519 P.2d 243 | Utah | 1974

HENRIOD, Justice:

Appeal from a no cause of action judgment in a case where plaintiff, a realtor, sued for a commission for employment under an alleged listing agreement executed in October 1969, for having obtained a ready, able and willing buyer of ranch property. Affirmed with costs to the Niel-sons.

Equitable, by advertisement, obtained interested prospective buyers named Drou-bay. This ripened into an option agreement dated March 30, 1970, exercisable by January 25, 1971. At the same time plaintiff and defendants modified the listing agreement so as to adjust the commission to a specified amount, payable as time went along under the terms of stated periodic payments under the option agreement, if the latter were exercised according to its terms, — which included a written notice of *244its exercise and tender of the initial payment, — neither of which was accomplished either before or after the January 25 due date.

It is contended that such conditions were waived by the plaintiff realtor, on behalf of defendants, during a telephone conversation with Droubay’s attorney, one Clegg.

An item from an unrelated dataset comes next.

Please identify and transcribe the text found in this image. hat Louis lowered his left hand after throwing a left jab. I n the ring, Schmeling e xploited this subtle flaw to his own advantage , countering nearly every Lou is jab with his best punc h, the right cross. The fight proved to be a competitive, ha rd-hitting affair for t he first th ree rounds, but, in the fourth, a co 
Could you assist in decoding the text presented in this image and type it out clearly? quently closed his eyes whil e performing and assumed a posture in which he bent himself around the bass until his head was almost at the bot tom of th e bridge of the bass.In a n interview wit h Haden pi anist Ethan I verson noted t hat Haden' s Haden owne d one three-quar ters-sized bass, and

There is nothing in the record to establish any authority granted by the Nielsons to plaintiff, either orally or in writing, to establish such authority, failing which the option was not exercised according to its terms, which in turn prevents plaintiff from claiming a commission based on the conditions precedent mentioned. The plaintiff has received a $1,260 commission on a down payment binder to preserve the option to buy the property under terms thereafter to be agreed upon by the parties, to which mutually to date they have not acquiesced, — resulting in other present litigation, — having nothing to do with the commission agreement here.

The basics of this case seem obvious: 1) A realtor cannot orally waive the rights of a seller on an option contract unless specifically authorized to do so,— -not the case here, and 2) Once an option is granted it must be exercised strictly according to its terms, lacking such binding authority, — which clearly appears to be failing here. The question immediately posed here is that were it otherwise, what would happen if the down payment were made to the realtor lacking such authority, —which strange coincidence was not even accomplished here, — if the realtor, receiving the payment without such clear and convincing evidence of authority, — could bind a seller to an anticipatory contract after he, the realtor, had gone South with the consideration without consideration from or to his principal.

CALLISTER, C. J., and ELLETT, CROCKETT and TUCKETT, JJ., concur.